**Stored data entries:**

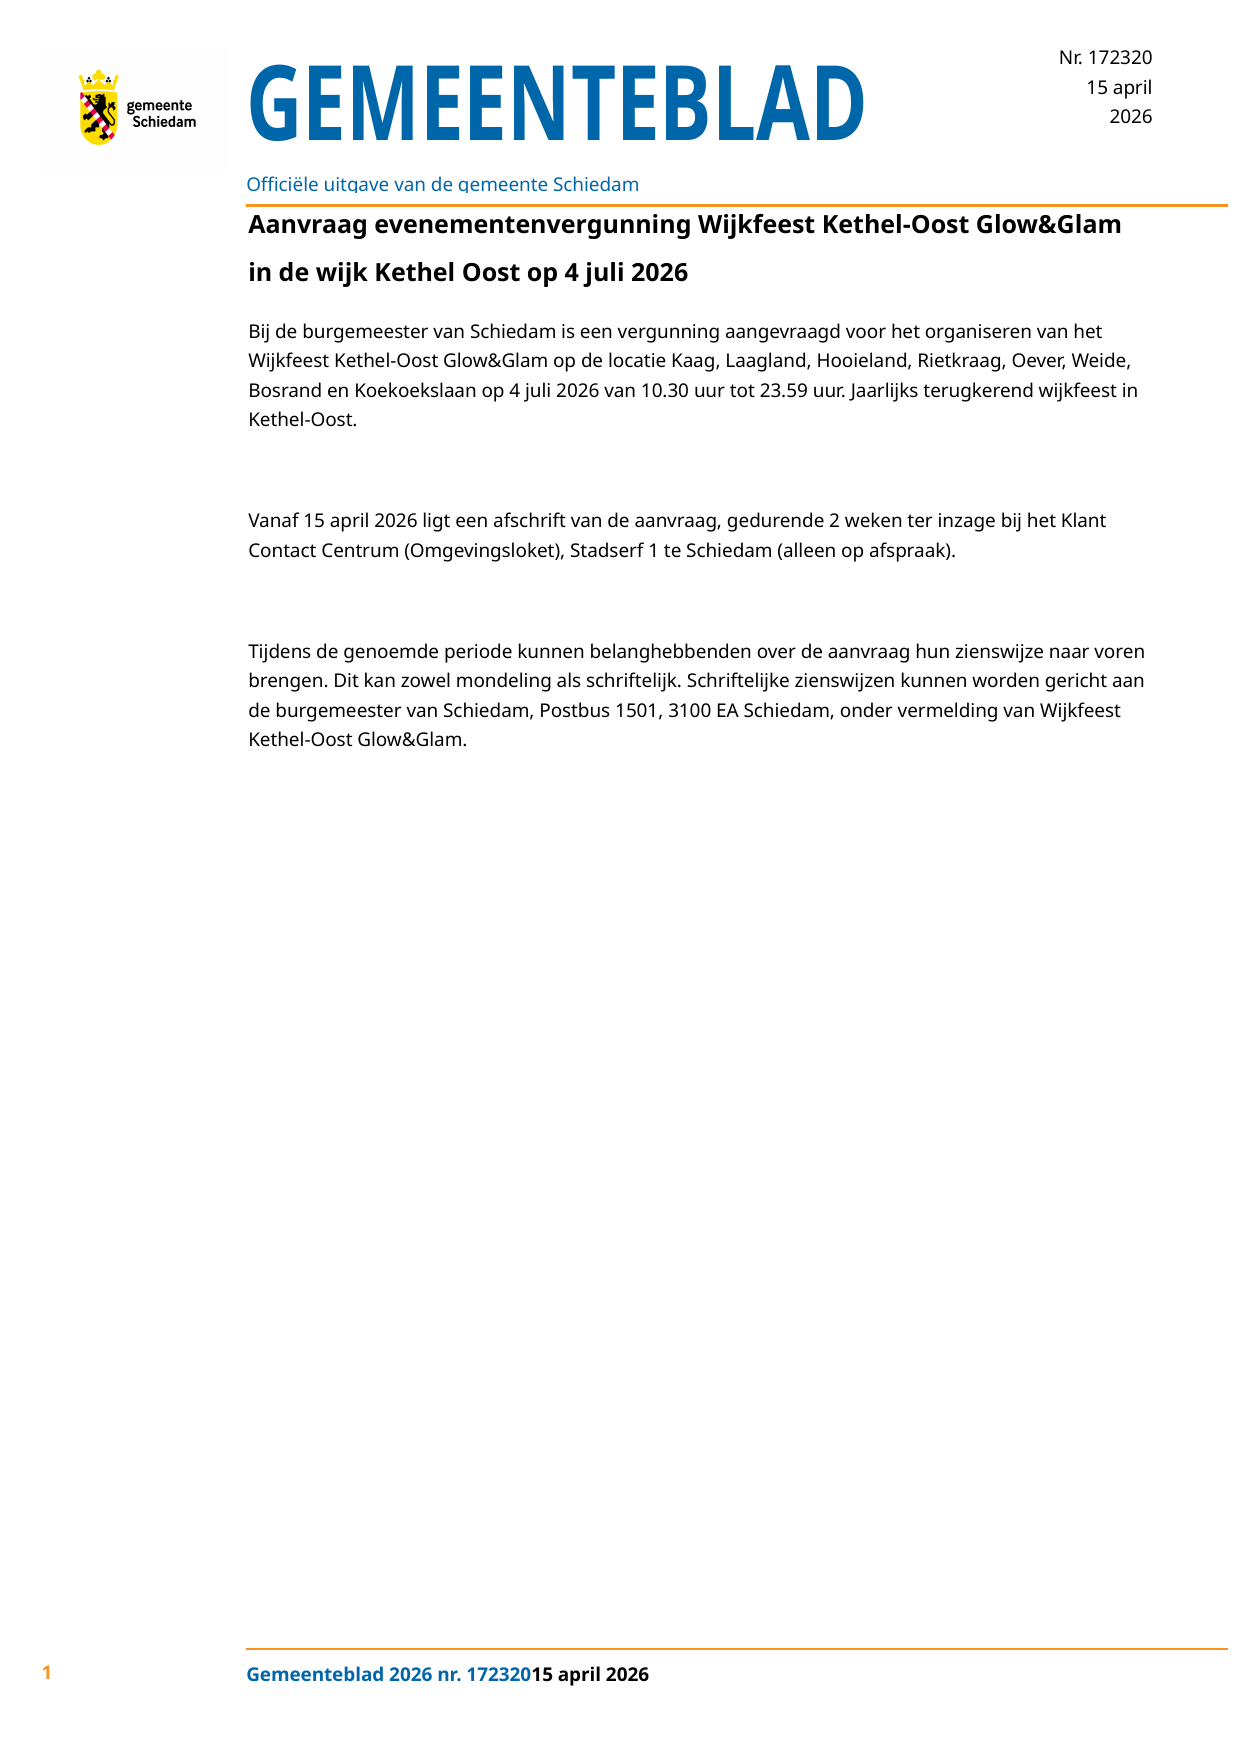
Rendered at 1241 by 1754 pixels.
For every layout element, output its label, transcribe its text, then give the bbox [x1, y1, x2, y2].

picture [41, 47, 231, 172]
text Bij de burgemeester van Schiedam is een vergunning aangevraagd voor het organiseren van het Wijkfeest Kethel-Oost Glow&Glam op de locatie Kaag, Laagland, Hooieland, Rietkraag, Oever, Weide, Bosrand en Koekoekslaan op 4 juli 2026 van 10.30 uur tot 23.59 uur. Jaarlijks terugkerend wijkfeest in Kethel-Oost. [248, 318, 1152, 432]
text Tijdens de genoemde periode kunnen belanghebbenden over de aanvraag hun zienswijze naar voren brengen. Dit kan zowel mondeling als schriftelijk. Schriftelijke zienswijzen kunnen worden gericht aan de burgemeester van Schiedam, Postbus 1501, 3100 EA Schiedam, onder vermelding van Wijkfeest Kethel-Oost Glow&Glam. [248, 638, 1152, 752]
text Aanvraag evenementenvergunning Wijkfeest Kethel-Oost Glow&Glam in de wijk Kethel Oost op 4 juli 2026 [248, 207, 1152, 288]
text Vanaf 15 april 2026 ligt een afschrift van de aanvraag, gedurende 2 weken ter inzage bij het Klant Contact Centrum (Omgevingsloket), Stadserf 1 te Schiedam (alleen op afspraak). [248, 507, 1152, 563]

**Work item:** Extract every line containing the string "juli" from the data above.

**Finished task:**
text Bij de burgemeester van Schiedam is een vergunning aangevraagd voor het organiseren van het Wijkfeest Kethel-Oost Glow&Glam op de locatie Kaag, Laagland, Hooieland, Rietkraag, Oever, Weide, Bosrand en Koekoekslaan op 4 juli 2026 van 10.30 uur tot 23.59 uur. Jaarlijks terugkerend wijkfeest in Kethel-Oost. [248, 318, 1152, 432]
text Aanvraag evenementenvergunning Wijkfeest Kethel-Oost Glow&Glam in de wijk Kethel Oost op 4 juli 2026 [248, 207, 1152, 288]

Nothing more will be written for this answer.